During the week ending 3 June 2020, high‑pressure systems restricted rainfall across much of Australia. Rainfall totals of between 10 and 50 millimetres were recorded across parts of southern New South Wales, central and southern Victoria, south-eastern South Australia, the north and south-west of Western Australia, west of the Northern Territory and northern and western Tasmania. Rainfall totals in excess of 50 millimetres were recorded across isolated parts of south-western Western Australia.

In Australia’s cropping regions, rainfall totals of between 10 and 25 millimetres were recorded across parts of south-eastern New South Wales, eastern and southern Victoria, central and western South Australia and central and southern Western Australia. Little to no rainfall was recorded across remaining regions during the week ending 3 June 2020.

Although most cropping regions in New South Wales, Victoria and South Australia received low rainfall totals this week, they recorded substantial rainfall during autumn that replenished soil moisture and supported widespread planting and early growth. In contrast, cropping regions in Western Australia and Queensland will need significant rainfall during June to initiate further planting and support germination and establishment.

Rainfall for the week ending 3 June 2020

Map showing weekly rainfall totals in Australia. Image provided by the Bureau of Meteorology. Please refer to accompanying text for a more detailed description.

©Commonwealth of Australia 2020, Australian Bureau of Meteorology - Issued: 03/06/2020

Note: The rainfall analyses and associated maps utilise data contained in the Bureau of Meteorology climate database, the Australian Data Archive for Meteorology (ADAM). The analyses are initially produced automatically from real-time data with limited quality control. They are intended to provide a general overview of rainfall across Australia as quickly as possible after the observations are received. For further information go to http://www.bom.gov.au/climate/rainfall/

Monthly temperatures

May 2020 was cooler than average nationally, with a national mean temperature of 0.62°C below average. This is the coldest May since 2011 and the first cooler than average mean monthly temperature for Australia since October 2016.

Maximum temperatures for May were below average across much of eastern and northern Australia, and minimum temperatures were below average to very much below average across much of southern and central Australia. Below average or average temperatures in south-eastern Australia have increased the effectiveness of May rainfall, through a reduction in potential evapotranspiration rates. This in turn has benefitted the germination and establishment of pasture and recently sown winter crops.

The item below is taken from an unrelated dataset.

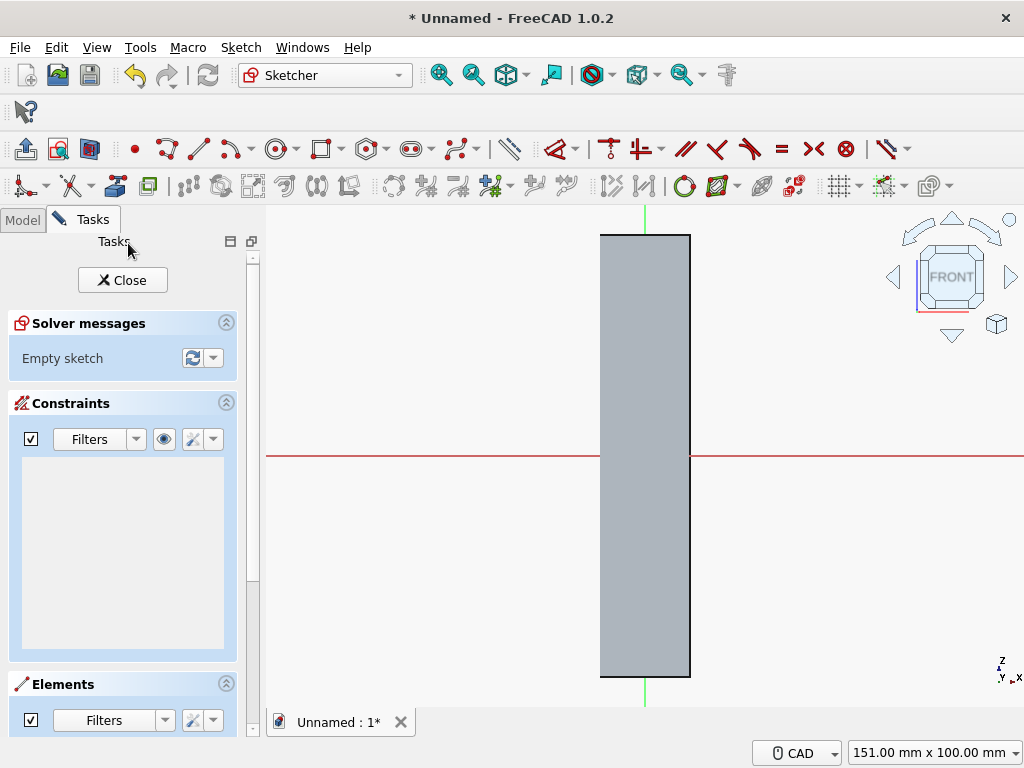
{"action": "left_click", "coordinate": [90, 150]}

Maximum temperature deciles for May 2020

Map showing maximum temperature anomalies for Australia. Image provided by the Bureau of Meteorology. Please refer to accompanying text for a more detailed description.

©Commonwealth of Australia 2020, Australian Bureau of Meteorology - Issued: 01/06/2020

Minimum temperature deciles for May 2020

Map showing minimum temperature anomalies for Australia. Image provided by the Bureau of Meteorology. Please refer to accompanying text for a more detailed description.

©Commonwealth of Australia 2020, Australian Bureau of Meteorology - Issued: 01/06/2020

Note: Maximum and minimum temperatures for May 2020 compared with temperature recorded for that period during the historical record (1900 to present). For further information go to: http://www.bom.gov.au/jsp/awap/temp/index.jsp.

Monthly rainfall

Above average to well above average May 2020 rainfall was recorded across much of northern Queensland, northern Western Australia and the inner north of the northern Territory. Australia. This rainfall has benefited plant growth, soil moisture levels, stream flows and water storage levels.

In contrast, May rainfall was well below average to below average across parts of western New South Wales, southern Queensland, northern Victoria, eastern Tasmania, south of the Northern Territory and much of South Australia and southern Western Australia.

May 2020 rainfall totals were below average to average across most cropping regions. Following above average rainfall during April, cropping regions in New South Wales, Victoria and South Australia recorded high rainfall totals at the beginning of May. These falls replenished soil moisture profiles across numerous regions, supported widespread planting and establishment of winter crops, and boosted pasture availability. Rainfall during the remainder of May was variable across most regions, with the next substantial falls occurring at the end of the month in parts of eastern New South Wales, Queensland and Western Australia. These falls were likely sufficient to initiate germination of dry sown crops in Western Australia and support the establishment of early-planted crops in Queensland.

Rainfall percentiles for May 2020

Map showing the rainfall percentiles for May 2020 in Australia. Image provided by the Bureau of Meteorology. Please refer to accompanying text for a more detailed description.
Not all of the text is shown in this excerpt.